Given data below:
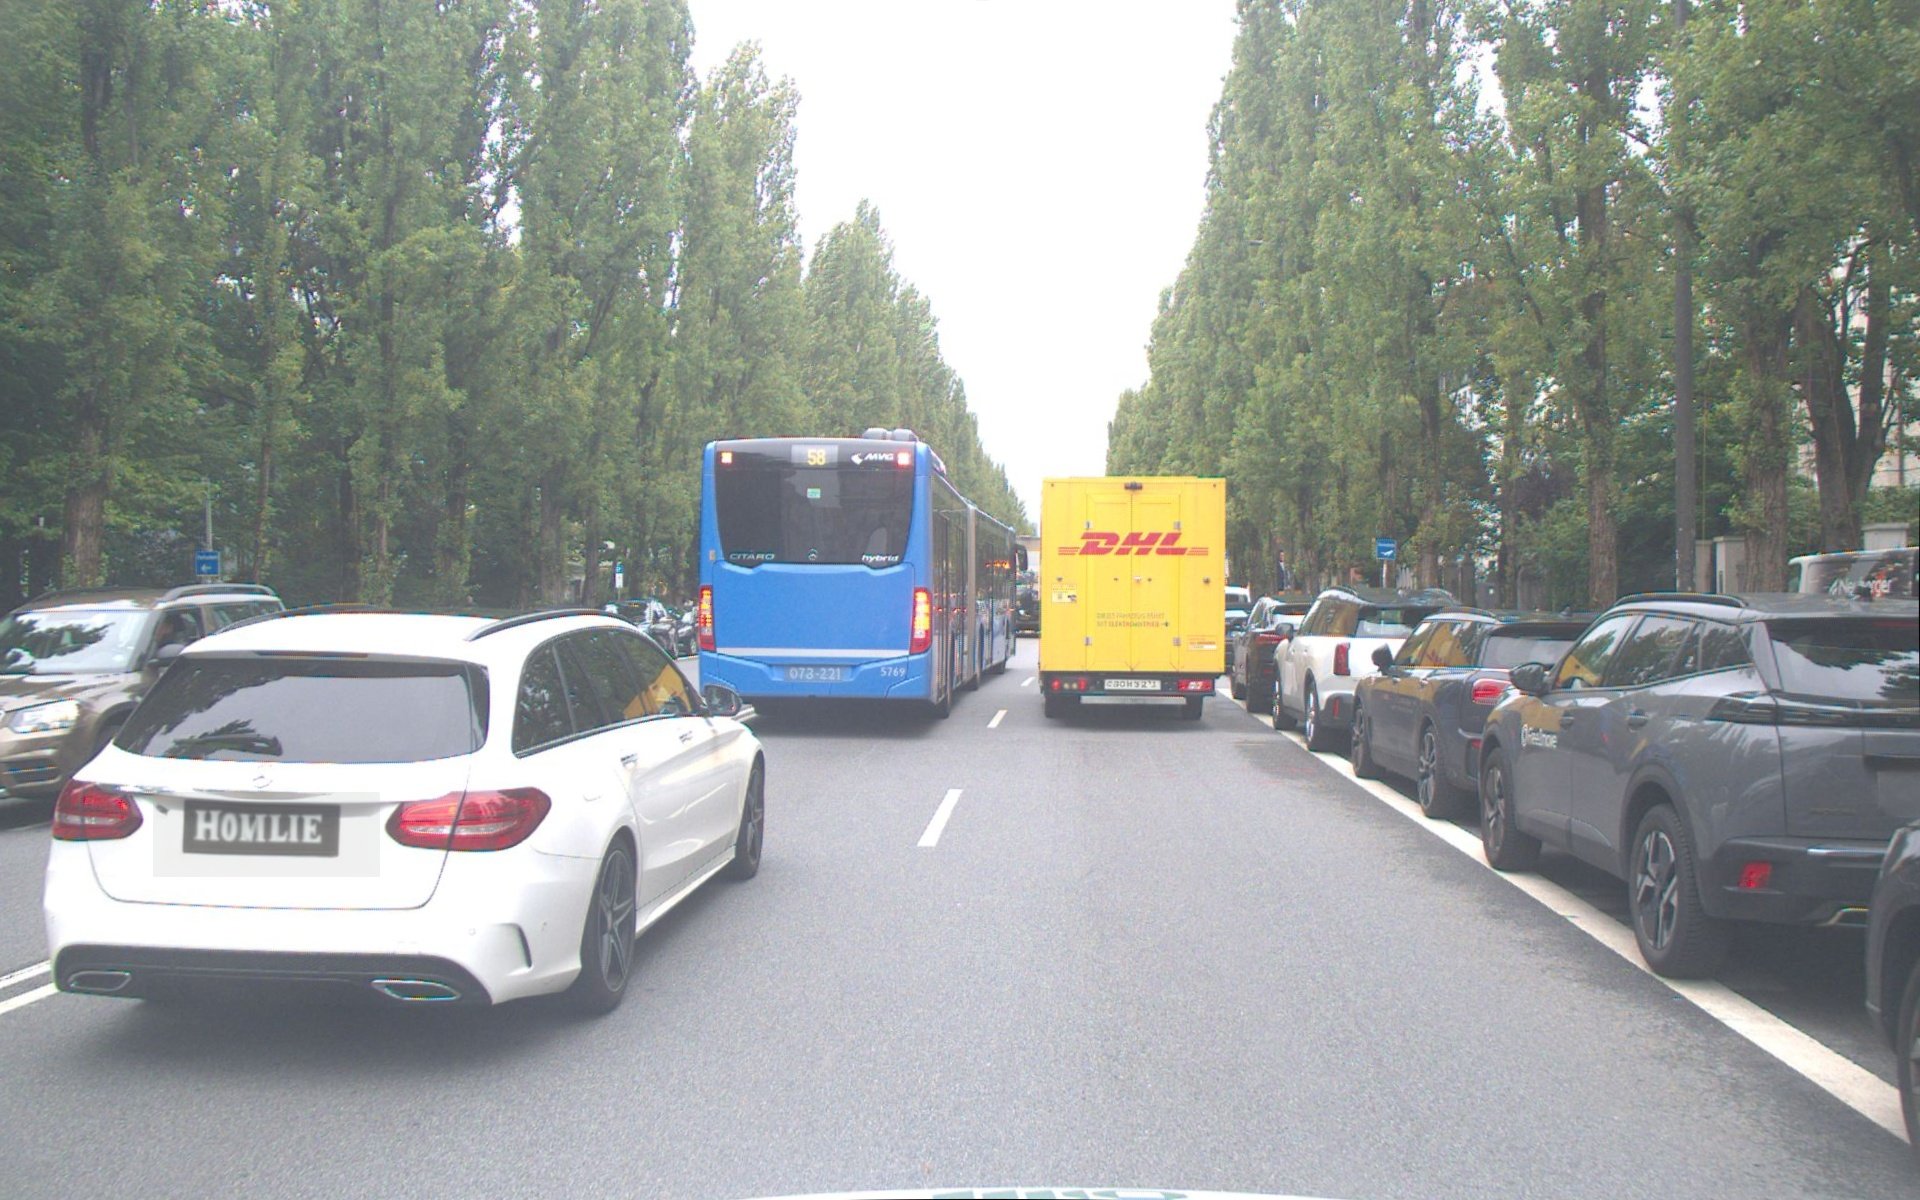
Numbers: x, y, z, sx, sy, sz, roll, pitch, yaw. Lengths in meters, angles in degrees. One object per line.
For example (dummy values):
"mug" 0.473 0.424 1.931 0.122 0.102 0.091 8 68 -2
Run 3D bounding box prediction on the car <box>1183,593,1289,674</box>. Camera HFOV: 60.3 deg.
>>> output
"car" 5.665 0.660 34.377 1.824 1.579 4.002 0 0 4

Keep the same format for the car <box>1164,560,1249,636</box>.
"car" 7.087 -0.072 48.119 2.009 2.049 5.695 -1 0 4

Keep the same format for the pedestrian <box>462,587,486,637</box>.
"pedestrian" -17.324 0.428 58.949 0.587 1.769 0.640 -1 0 4

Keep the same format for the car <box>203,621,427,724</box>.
"car" -9.752 1.050 25.355 1.547 1.327 4.031 -2 0 4

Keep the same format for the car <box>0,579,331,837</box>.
"car" -6.720 0.735 12.983 1.747 1.685 4.115 -2 0 3

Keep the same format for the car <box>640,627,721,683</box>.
"car" -8.319 1.602 49.522 1.507 1.458 3.871 -4 0 3

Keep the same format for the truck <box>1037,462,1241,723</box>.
"truck" 2.235 -0.083 22.434 2.279 2.949 7.336 0 0 3

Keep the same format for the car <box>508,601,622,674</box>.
"car" -9.125 0.831 38.477 1.708 1.545 4.116 -2 0 -2

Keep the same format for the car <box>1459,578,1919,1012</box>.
"car" 3.711 0.691 7.896 1.617 1.530 4.115 1 0 3

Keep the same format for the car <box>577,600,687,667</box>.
"car" -8.607 0.842 43.762 1.754 1.575 4.340 -4 0 3

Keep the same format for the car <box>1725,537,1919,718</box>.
"car" 11.492 0.292 20.326 1.952 1.959 5.326 0 0 3

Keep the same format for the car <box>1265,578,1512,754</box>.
"car" 4.420 0.612 17.658 1.743 1.609 4.148 1 0 3

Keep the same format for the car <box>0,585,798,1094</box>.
"car" -1.983 0.701 7.185 1.787 1.480 4.585 0 0 4

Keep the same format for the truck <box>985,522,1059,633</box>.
"truck" 2.422 -0.827 65.109 2.659 4.034 9.220 -1 0 2

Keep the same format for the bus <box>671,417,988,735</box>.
"bus" -1.276 -0.264 21.601 2.795 3.270 9.064 0 0 4

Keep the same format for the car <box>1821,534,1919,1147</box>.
"car" 3.340 0.641 2.786 1.783 1.618 4.225 0 0 3

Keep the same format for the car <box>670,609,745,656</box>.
"car" -8.254 1.050 54.431 1.640 1.438 4.001 -1 0 3

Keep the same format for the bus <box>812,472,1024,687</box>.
"bus" -0.480 -0.320 30.920 2.811 3.362 9.795 0 0 5

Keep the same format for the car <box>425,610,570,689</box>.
"car" -9.447 0.968 34.080 1.650 1.437 4.006 -2 0 3

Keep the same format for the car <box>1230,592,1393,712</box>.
"car" 4.833 0.660 23.282 1.689 1.521 4.326 0 0 4

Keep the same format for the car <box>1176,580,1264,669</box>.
"car" 6.203 0.552 39.871 1.768 2.011 4.239 0 0 4

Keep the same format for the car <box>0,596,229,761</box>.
"car" -10.703 0.857 19.492 1.841 1.687 4.720 -3 0 3

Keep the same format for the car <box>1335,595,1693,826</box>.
"car" 4.121 0.725 12.983 1.599 1.471 4.150 2 0 3
End of Given data.
_Exercise instructions_
Give the entries back verbatim and omit the images.

_Output for this exercise_
Numbers: x, y, z, sx, sy, sz, roll, pitch, yaw. Lengths in meters, angles in degrees. One object per line.
For example (dummy values):
"mug" 0.473 0.424 1.931 0.122 0.102 0.091 8 68 -2
Run 3D bounding box prediction on the car <box>1183,593,1289,674</box>. Camera HFOV: 60.3 deg.
>>> output
"car" 5.665 0.660 34.377 1.824 1.579 4.002 0 0 4

Keep the same format for the car <box>1164,560,1249,636</box>.
"car" 7.087 -0.072 48.119 2.009 2.049 5.695 -1 0 4

Keep the same format for the pedestrian <box>462,587,486,637</box>.
"pedestrian" -17.324 0.428 58.949 0.587 1.769 0.640 -1 0 4

Keep the same format for the car <box>203,621,427,724</box>.
"car" -9.752 1.050 25.355 1.547 1.327 4.031 -2 0 4

Keep the same format for the car <box>0,579,331,837</box>.
"car" -6.720 0.735 12.983 1.747 1.685 4.115 -2 0 3

Keep the same format for the car <box>640,627,721,683</box>.
"car" -8.319 1.602 49.522 1.507 1.458 3.871 -4 0 3

Keep the same format for the truck <box>1037,462,1241,723</box>.
"truck" 2.235 -0.083 22.434 2.279 2.949 7.336 0 0 3

Keep the same format for the car <box>508,601,622,674</box>.
"car" -9.125 0.831 38.477 1.708 1.545 4.116 -2 0 -2

Keep the same format for the car <box>1459,578,1919,1012</box>.
"car" 3.711 0.691 7.896 1.617 1.530 4.115 1 0 3

Keep the same format for the car <box>577,600,687,667</box>.
"car" -8.607 0.842 43.762 1.754 1.575 4.340 -4 0 3

Keep the same format for the car <box>1725,537,1919,718</box>.
"car" 11.492 0.292 20.326 1.952 1.959 5.326 0 0 3

Keep the same format for the car <box>1265,578,1512,754</box>.
"car" 4.420 0.612 17.658 1.743 1.609 4.148 1 0 3

Keep the same format for the car <box>0,585,798,1094</box>.
"car" -1.983 0.701 7.185 1.787 1.480 4.585 0 0 4

Keep the same format for the truck <box>985,522,1059,633</box>.
"truck" 2.422 -0.827 65.109 2.659 4.034 9.220 -1 0 2

Keep the same format for the bus <box>671,417,988,735</box>.
"bus" -1.276 -0.264 21.601 2.795 3.270 9.064 0 0 4

Keep the same format for the car <box>1821,534,1919,1147</box>.
"car" 3.340 0.641 2.786 1.783 1.618 4.225 0 0 3

Keep the same format for the car <box>670,609,745,656</box>.
"car" -8.254 1.050 54.431 1.640 1.438 4.001 -1 0 3

Keep the same format for the bus <box>812,472,1024,687</box>.
"bus" -0.480 -0.320 30.920 2.811 3.362 9.795 0 0 5

Keep the same format for the car <box>425,610,570,689</box>.
"car" -9.447 0.968 34.080 1.650 1.437 4.006 -2 0 3

Keep the same format for the car <box>1230,592,1393,712</box>.
"car" 4.833 0.660 23.282 1.689 1.521 4.326 0 0 4

Keep the same format for the car <box>1176,580,1264,669</box>.
"car" 6.203 0.552 39.871 1.768 2.011 4.239 0 0 4

Keep the same format for the car <box>0,596,229,761</box>.
"car" -10.703 0.857 19.492 1.841 1.687 4.720 -3 0 3

Keep the same format for the car <box>1335,595,1693,826</box>.
"car" 4.121 0.725 12.983 1.599 1.471 4.150 2 0 3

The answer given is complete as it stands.